In the third example, the online MLE model stopped the generation early.

Primed Generation


Models are primed with 8 beats of ground truth chords before generating their own chords. This avoids the cold-start problem of predicting a chord without knowing anything about the melody, and gives an indication of the model’s ability to anticipate what happens next without having to first adapt to what happened previously. Behavior is similar across the models. For reference, we also plot the cold-start behavior of Online MLE (without priming), which is significantly worse. We argue that, as a benchmark for online accompaniment, primed generation is unnatural and too facile. Each row is an example.

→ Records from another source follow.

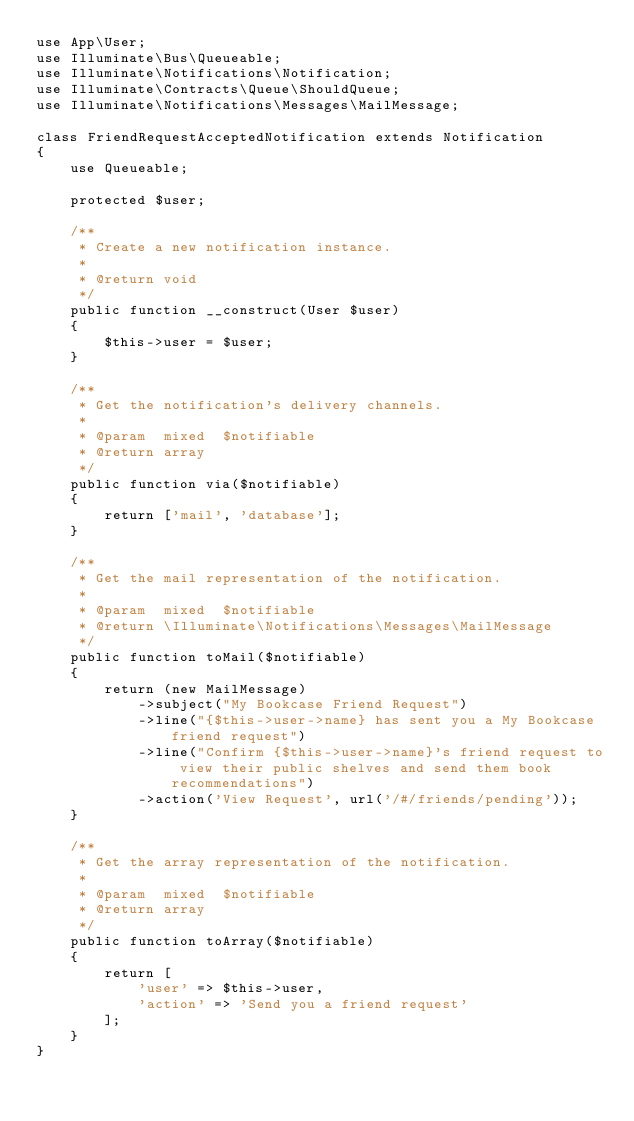Convert code to text. <code><loc_0><loc_0><loc_500><loc_500><_PHP_>use App\User;
use Illuminate\Bus\Queueable;
use Illuminate\Notifications\Notification;
use Illuminate\Contracts\Queue\ShouldQueue;
use Illuminate\Notifications\Messages\MailMessage;

class FriendRequestAcceptedNotification extends Notification
{
    use Queueable;

    protected $user;

    /**
     * Create a new notification instance.
     *
     * @return void
     */
    public function __construct(User $user)
    {
        $this->user = $user;
    }

    /**
     * Get the notification's delivery channels.
     *
     * @param  mixed  $notifiable
     * @return array
     */
    public function via($notifiable)
    {
        return ['mail', 'database'];
    }

    /**
     * Get the mail representation of the notification.
     *
     * @param  mixed  $notifiable
     * @return \Illuminate\Notifications\Messages\MailMessage
     */
    public function toMail($notifiable)
    {
        return (new MailMessage)
            ->subject("My Bookcase Friend Request")
            ->line("{$this->user->name} has sent you a My Bookcase friend request")
            ->line("Confirm {$this->user->name}'s friend request to view their public shelves and send them book recommendations")
            ->action('View Request', url('/#/friends/pending'));
    }

    /**
     * Get the array representation of the notification.
     *
     * @param  mixed  $notifiable
     * @return array
     */
    public function toArray($notifiable)
    {
        return [
            'user' => $this->user,
            'action' => 'Send you a friend request'
        ];
    }
}
</code> 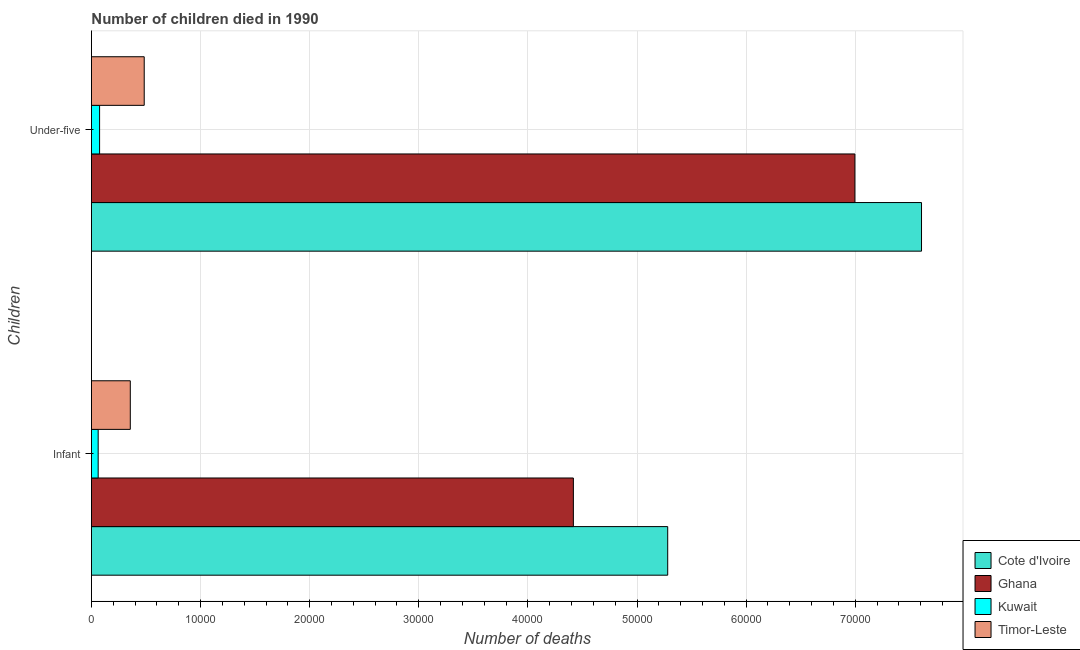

Accompaniment quality after priming. We measure note-in-chords ratio across compositions generated in response to melodies in the test set.
Ground Truth
Online MLE
ReaLchords
ReaLchords-M

Perturbed Generation


We transpose the melody up by a tritone (6 semitones) at beat 17, resulting in both an out-of-distribution melody and almost guaranteeing that the next chord is a poor fit. This is similar to the push test in legged robotics. The Online MLE fails the test: it exhibits a drop in harmonic quality and never recovers. ReaLchords and ReaLchords-M quickly adapt to the new key and recover their previous performance. Each row is an example.

Accompaniment quality after perturbation. We measure note-in-chords ratio across compositions generated in response to melodies in the test set.
Ground Truth
Online MLE
ReaLchords
ReaLchords-M

In the third example, the online MLE model stopped the generation early.

RL Finetuning Objective


ReaLchords leverages RL finetuning to learn anticipation and adaptation for online melody-to-chord accompaniment. Initializing from a model pretrained by MLE, the policy generates a complete chord response to a melody from the dataset, each chord being predicted given only previous melody and chords (top left). In contrast, the offline model (also trained by MLE) predicts each chord given the complete melody (bottom left). A KL-divergence penalty distills the predictions of the offline model into the online model, improving its ability to anticipate the future. (Right) The reward stems from an ensemble of multi-scale contrastive and discriminative models that evaluate the musical coherence between melody and chord. The final training objective in ReaLchords is a sum of the reward and the distillation loss (center).